A couple of days ago, I was on a conference call with a group of coaches. As part of our introduction, we were invited to share what we love about being a coach.
One coach replied how she loved watching the light bulb go off in her clients as they gain new insights and learning.
Another coach replied how he loved helping clients get unstuck and achieve their goals.
The next coach shared how she loved empowering clients to embrace their strengths and gain confidence in their skills.
I value all those experiences, but when it came my turn to share, I answered, “What I love about being a coach is what it does to me.”
I then briefly elaborated on my answer, but after that call, I kept thinking more about how being a coach has benefitted me.
A better listener
What I love about being a coach, among many things, is how it has helped me become a better listener…not just with my clients, but in all my relationships.
In the past, when I was in conversation with others, I’ve often listened more to my own inner dialogue than the words or the intent of my conversation partner.

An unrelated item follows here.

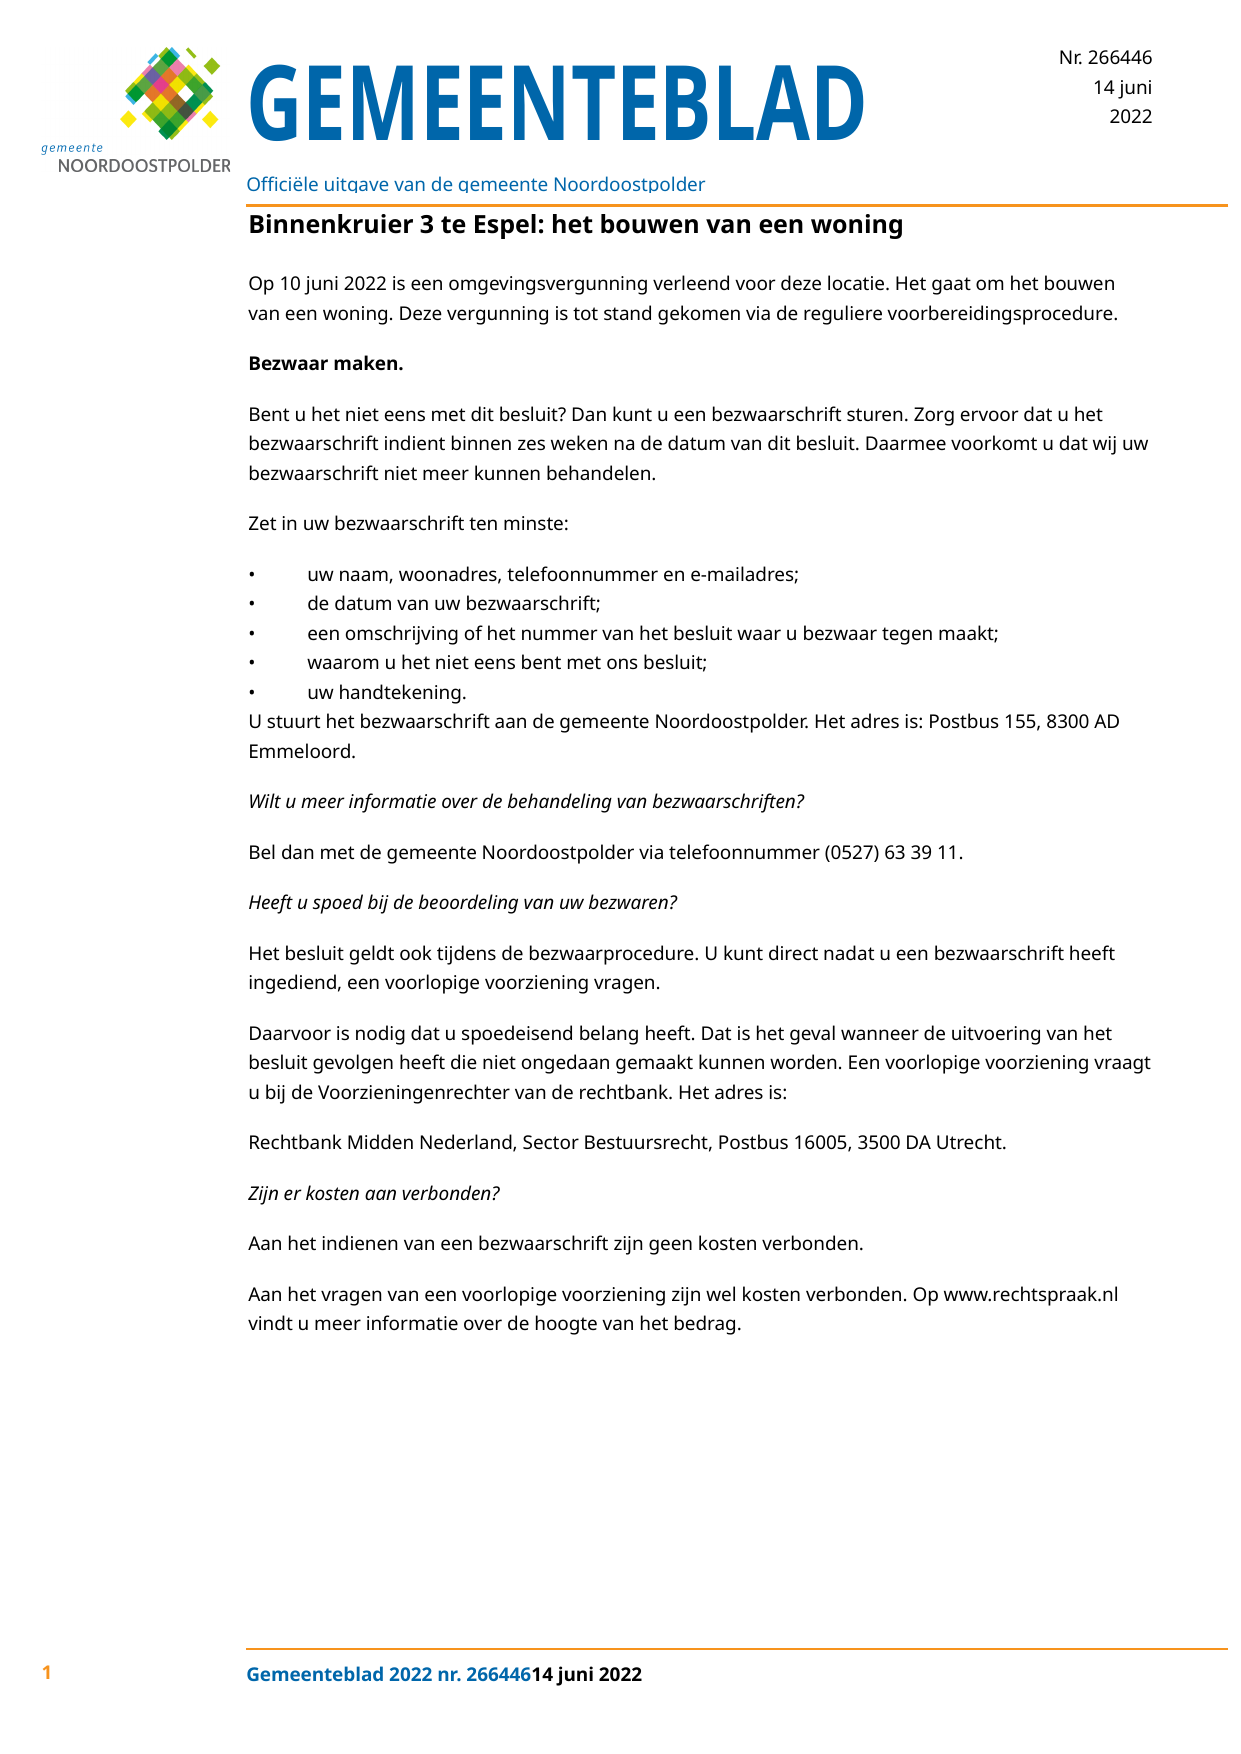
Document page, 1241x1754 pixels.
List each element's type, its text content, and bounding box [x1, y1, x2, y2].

For example, when a church member expressed a disagreement with my sermon, what I heard was not a desire from this member to share her understanding of a scripture passage. What I “heard” was my own internal voice telling me how that person was always so “critical.”
Being a coach has helped me to be still and to lower the volume of my internal chatter, so that I can be more fully present to God and to others. As a coach, I’m constantly reminded by the words of Psalm 46:10, when God says, “Be still and know that I am God.” In doing so, I’ve found that I connect with God with greater trust and intimacy, and that people connect with me with greater trust and intimacy.

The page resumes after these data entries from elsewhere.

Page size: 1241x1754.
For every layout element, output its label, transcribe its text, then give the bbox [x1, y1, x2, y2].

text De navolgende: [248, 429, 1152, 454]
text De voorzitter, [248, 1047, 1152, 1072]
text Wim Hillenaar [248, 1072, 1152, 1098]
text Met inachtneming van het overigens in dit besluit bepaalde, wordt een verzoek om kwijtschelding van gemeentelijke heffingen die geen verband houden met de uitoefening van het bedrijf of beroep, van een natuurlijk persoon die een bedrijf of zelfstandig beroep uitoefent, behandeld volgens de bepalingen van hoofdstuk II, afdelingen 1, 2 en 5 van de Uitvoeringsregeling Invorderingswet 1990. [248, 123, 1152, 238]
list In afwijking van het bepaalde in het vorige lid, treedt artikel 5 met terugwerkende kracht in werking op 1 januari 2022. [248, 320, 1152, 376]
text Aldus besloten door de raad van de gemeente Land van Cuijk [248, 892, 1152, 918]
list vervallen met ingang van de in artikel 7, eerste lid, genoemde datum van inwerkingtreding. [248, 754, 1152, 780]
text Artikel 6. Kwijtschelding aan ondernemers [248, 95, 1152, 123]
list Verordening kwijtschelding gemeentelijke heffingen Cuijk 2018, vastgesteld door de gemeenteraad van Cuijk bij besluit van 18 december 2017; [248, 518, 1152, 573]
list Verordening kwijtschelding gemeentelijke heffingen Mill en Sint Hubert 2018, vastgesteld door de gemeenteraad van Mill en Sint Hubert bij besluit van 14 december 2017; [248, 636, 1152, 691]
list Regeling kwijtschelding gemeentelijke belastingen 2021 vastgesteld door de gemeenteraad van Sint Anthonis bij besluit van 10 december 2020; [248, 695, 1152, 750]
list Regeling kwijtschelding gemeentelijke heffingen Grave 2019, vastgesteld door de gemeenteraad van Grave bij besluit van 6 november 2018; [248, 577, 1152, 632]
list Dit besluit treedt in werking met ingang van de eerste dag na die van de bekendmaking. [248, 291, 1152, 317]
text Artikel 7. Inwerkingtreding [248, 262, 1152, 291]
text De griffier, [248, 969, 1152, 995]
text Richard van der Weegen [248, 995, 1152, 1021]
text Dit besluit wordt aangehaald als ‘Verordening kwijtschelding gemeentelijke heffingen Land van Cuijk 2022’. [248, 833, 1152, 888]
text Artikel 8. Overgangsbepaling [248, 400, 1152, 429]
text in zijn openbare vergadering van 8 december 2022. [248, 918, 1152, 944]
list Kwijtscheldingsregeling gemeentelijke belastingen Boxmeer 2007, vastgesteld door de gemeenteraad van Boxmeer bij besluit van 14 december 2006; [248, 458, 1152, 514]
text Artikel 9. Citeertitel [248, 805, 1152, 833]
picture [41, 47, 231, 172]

In the past, I’ve often listened in order to evaluate or scrutinize arguments. That’s a consequence of my graduate school training. But I’ve discovered that people didn’t appreciate me treating every conversation as a dissertation defense!
Being a coach has helped me not to be so attached to my assumptions and my own agenda. The coaching skills of allowing my clients to vent or “clear” the situation without judgment or attachment have come in very handy in non-coaching situations.
When my wife comes home from a difficult day at work and just needs time to process outwardly and decompress, I’m more able to let her talk without stepping in to problem-solve. That has also kept me out of her doghouse!
In other situations, not jumping to conclusions has helped me to become more curious about people whose beliefs, actions, worldviews, religion, and life experiences are very different than mine.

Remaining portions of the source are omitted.